■ **RAW DATA**:
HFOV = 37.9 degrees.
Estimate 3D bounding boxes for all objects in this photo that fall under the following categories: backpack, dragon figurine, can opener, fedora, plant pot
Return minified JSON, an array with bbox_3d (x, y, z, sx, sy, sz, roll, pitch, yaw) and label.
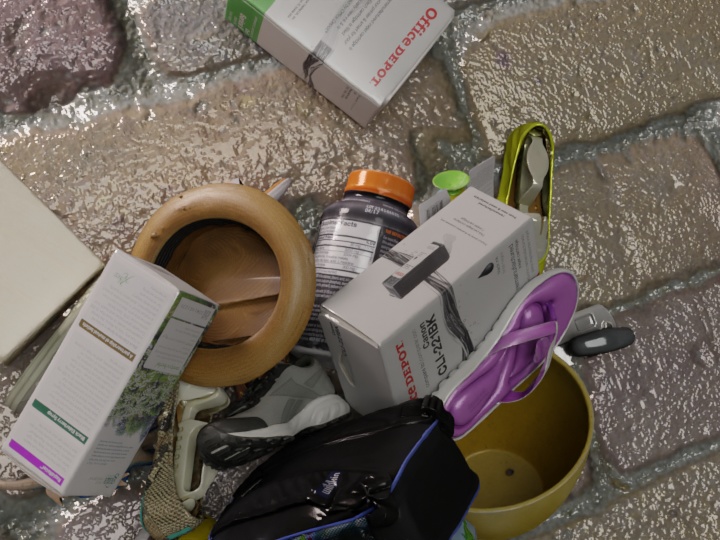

■ **ASSIGNED TASK**:
Go through the listing above and retype it exactly, skipping every picture.

■ **REPLY TO THE TASK**:
HFOV = 37.9 degrees.
Estimate 3D bounding boxes for all objects in this photo that fall under the following categories: backpack, dragon figurine, can opener, fedora, plant pot
Return minified JSON, an array with bbox_3d (x, y, z, sx, sy, sz, roll, pitch, yaw) and label.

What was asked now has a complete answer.